**What the task requires:** No images, please. Copy each entry below exactly as it reads.

────────────────────────────────────────

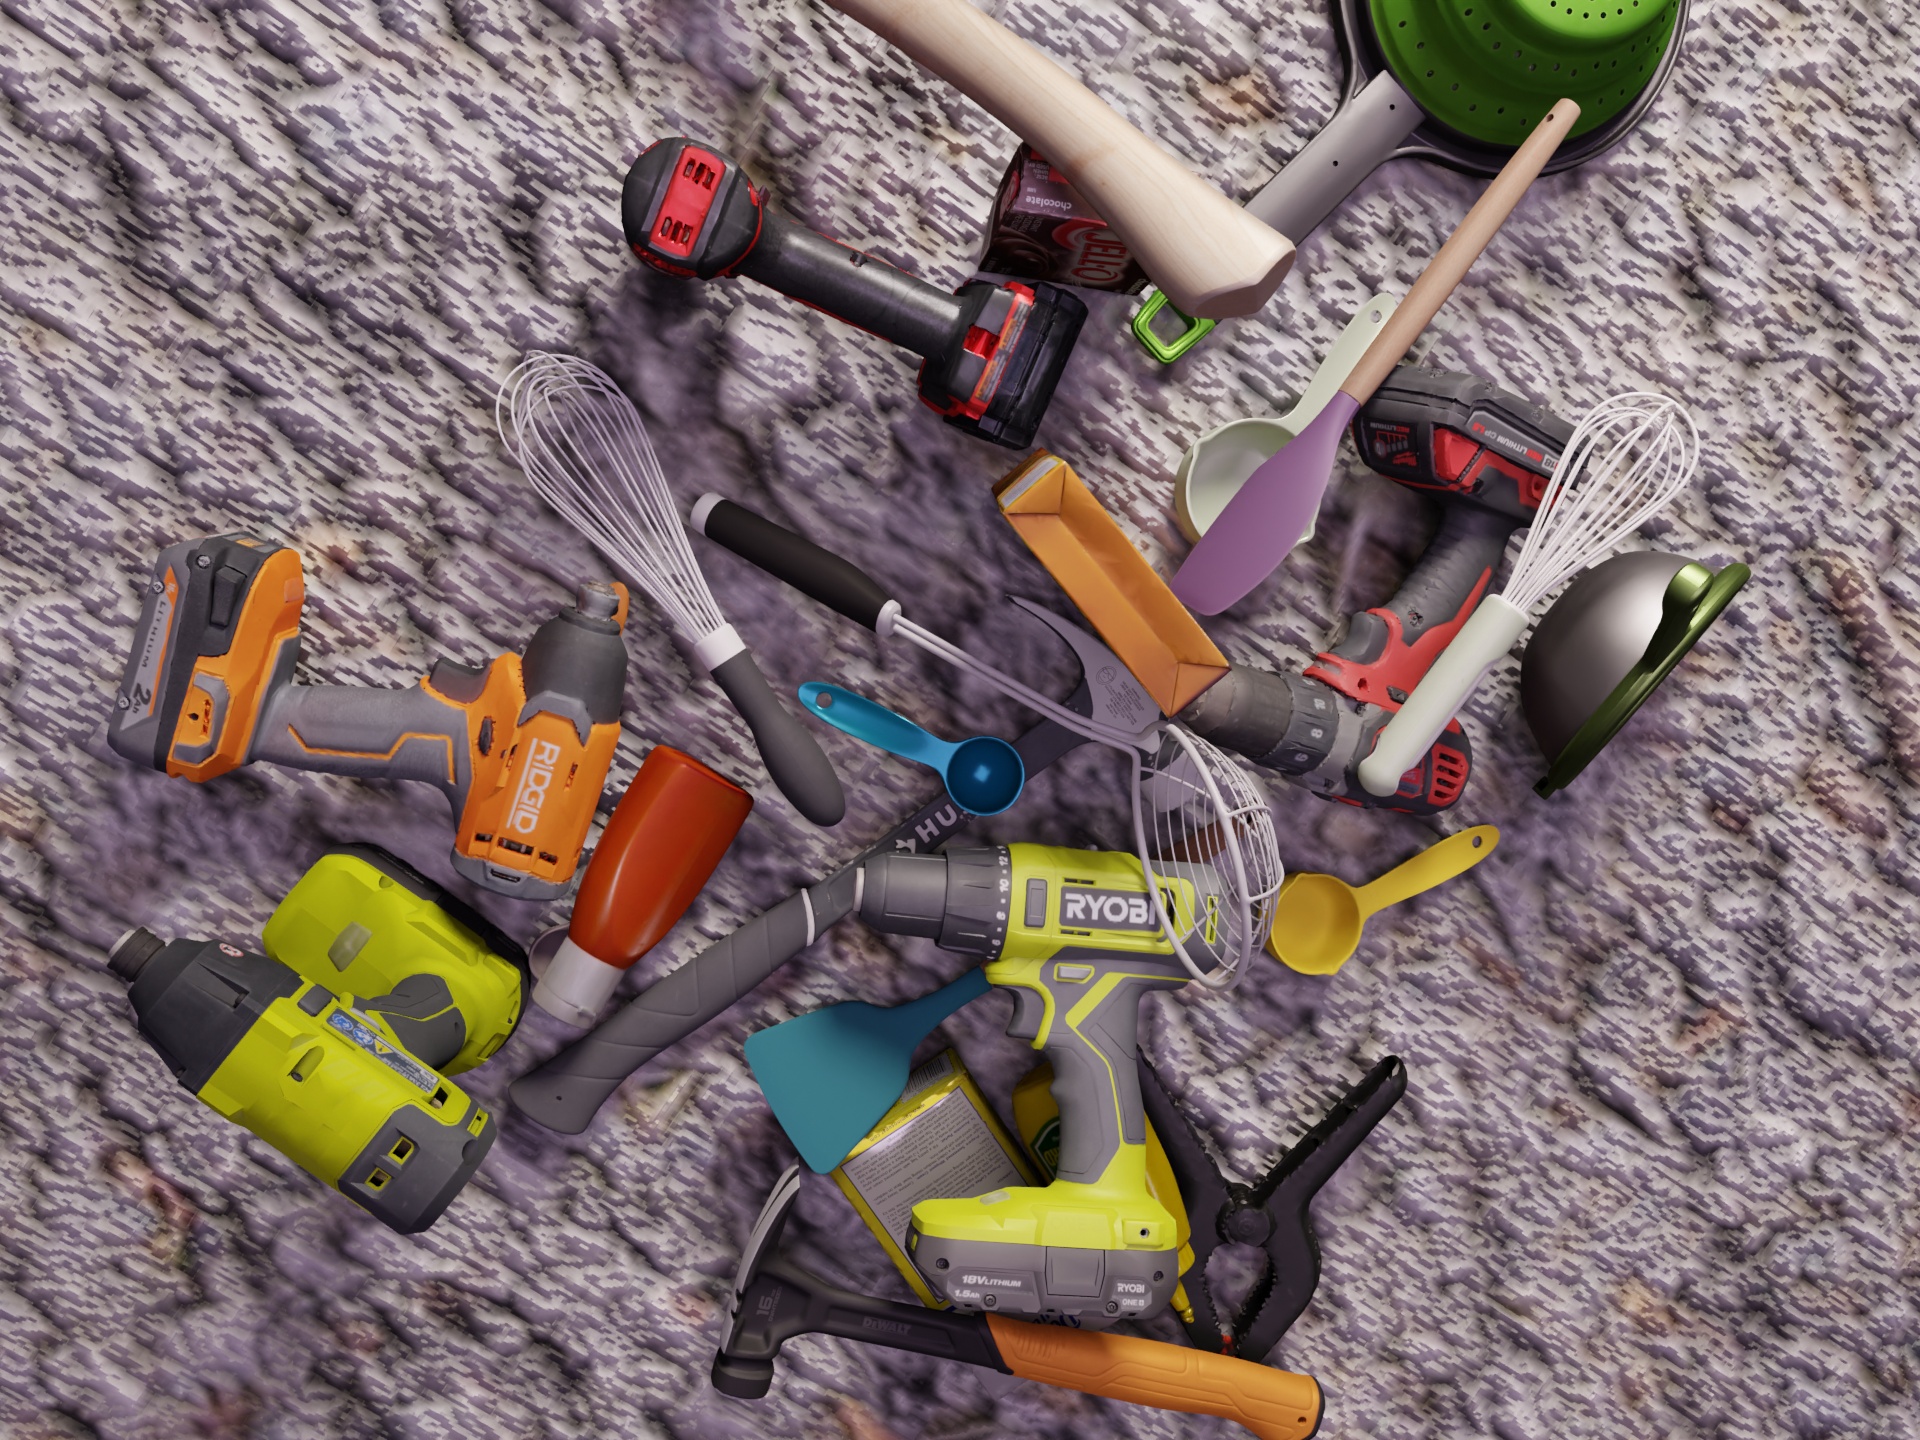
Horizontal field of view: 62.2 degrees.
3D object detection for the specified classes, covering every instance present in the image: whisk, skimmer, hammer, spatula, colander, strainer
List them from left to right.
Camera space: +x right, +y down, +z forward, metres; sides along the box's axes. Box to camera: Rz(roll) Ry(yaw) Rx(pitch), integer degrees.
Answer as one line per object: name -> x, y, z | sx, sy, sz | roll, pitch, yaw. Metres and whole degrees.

────────────────────────────────────────

**Output of the exercise:**
Horizontal field of view: 62.2 degrees.
3D object detection for the specified classes, covering every instance present in the image: whisk, skimmer, hammer, spatula, colander, strainer
List them from left to right.
Camera space: +x right, +y down, +z forward, metres; sides along the box's axes. Box to camera: Rz(roll) Ry(yaw) Rx(pitch), integer degrees.
Answer as one line per object: name -> x, y, z | sx, sy, sz | roll, pitch, yaw. Metres and whole degrees.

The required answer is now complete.